読まれるかどうかを分けるのは、手順ではなく、テーマの選び方、タイトル、カテゴリー、表紙、目次です。運営者は2025年からひとりで131冊を出し、月15万円のロイヤリティに達した月があります(Amazonで全冊確認できます)が、これは1冊の当たりではなく、冊数と選び方の積み重ねです。何が売れない原因になるかは /guide/kindle-shuppan-urenai に分けて書きました。
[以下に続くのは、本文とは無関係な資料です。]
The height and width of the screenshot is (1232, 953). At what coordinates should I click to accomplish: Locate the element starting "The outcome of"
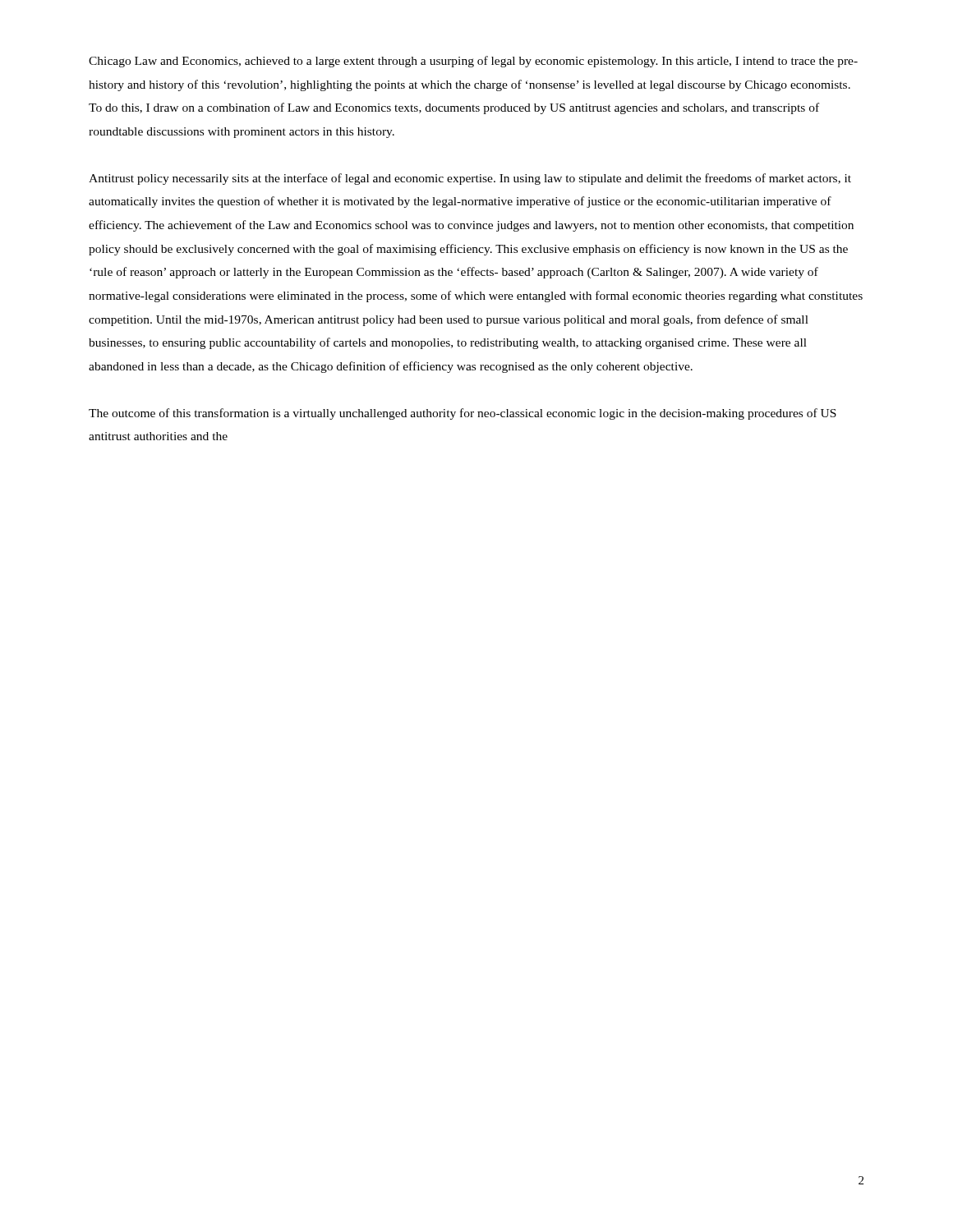point(463,424)

もうひとつ、時間の話です。ロイヤリティは、販売が報告された月の末日から約60日後に支払われます。1月の売上なら3月末頃です。すぐにお金が動く仕組みではないので、副業として考える人は /guide/fukugyou-hon-wo-kaku もあわせて読んでください。
まずは、あなたの詳しいことが本になるか確かめる
手順は覚えれば済みますが、「何を書くか」は手順の外にあります。あなたの詳しいことが本になるかどうか、無料の出版診断(/shindan)でテーマを1つ送ってもらえれば、その分野の既刊数、競合の評価、読まれ方の目安、近い既刊の例を運営者が見て、2営業日以内にメールで返します。売り込みの電話やLINEはしません。
よくある質問
Kindle出版のやり方を覚えるのに、どのくらいの時間がかかりますか
アカウントの登録と入稿の操作だけなら、初めてでも半日あれば終わります。時間がかかるのは原稿づくりで、ここは書く量と慣れによって数週間から数か月まで幅があります。最初の1冊は、操作より「テーマを決めて書き切る」ことに時間を使うと考えてください。
スマートフォンだけでKindle出版はできますか
KDPの管理画面自体はブラウザで動きますが、原稿ファイル(EPUBやDOCX)の作成と表紙画像の用意、プレビューでの確認は、パソコンのほうが確実です。無料のKindle PreviewerもWindowsとMac向けのソフトです。最低限、原稿と表紙を仕上げる工程ではパソコンを使うことをおすすめします。
出版後にタイトルや内容を直せますか
内容紹介やカテゴリー、キーワードなどのメタデータは本棚の「詳細の編集」からいつでも変更でき、反映まで48〜72時間ほどが目安です。本文の修正も、原稿を差し替えて再出版すればできます。ただし出版後に主著者名は変更できないので、著者名だけは入稿前に見直してください。
※このガイドはKDPの公式ヘルプと運営者の出版実績にもとづいて書いています。仕様や料率は変わることがあるため、 実際のご判断は必ずAmazon KDPの最新の公式情報でご確認ください。